**Task to complete:**
A faithful transcription of all the entries below is needed, without the pictures.

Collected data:
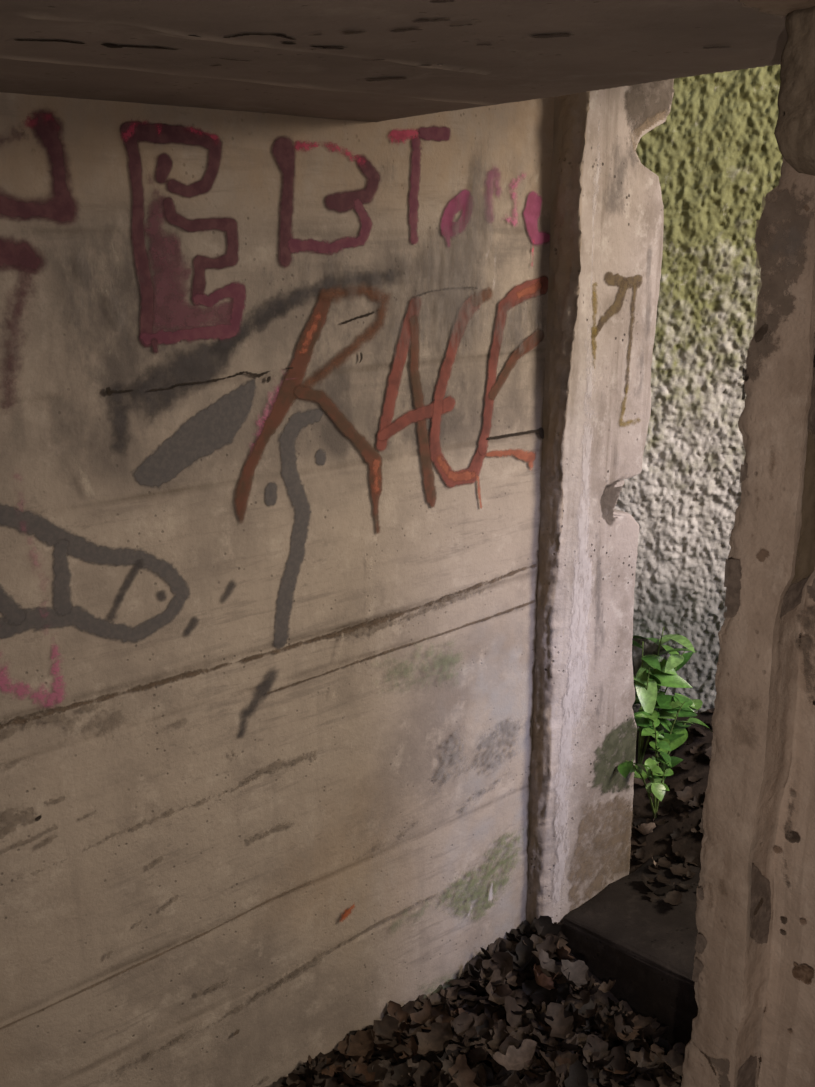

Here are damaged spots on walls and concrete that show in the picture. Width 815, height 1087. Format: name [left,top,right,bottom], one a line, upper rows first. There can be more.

spalling [742,6,815,400]
spalling [740,460,748,483]
spalling [723,559,742,618]
spalling [780,576,815,705]
spalling [700,1051,757,1087]

**Solution:**
Here are damaged spots on walls and concrete that show in the picture. Width 815, height 1087. Format: name [left,top,right,bottom], one a line, upper rows first. There can be more.

spalling [742,6,815,400]
spalling [740,460,748,483]
spalling [723,559,742,618]
spalling [780,576,815,705]
spalling [700,1051,757,1087]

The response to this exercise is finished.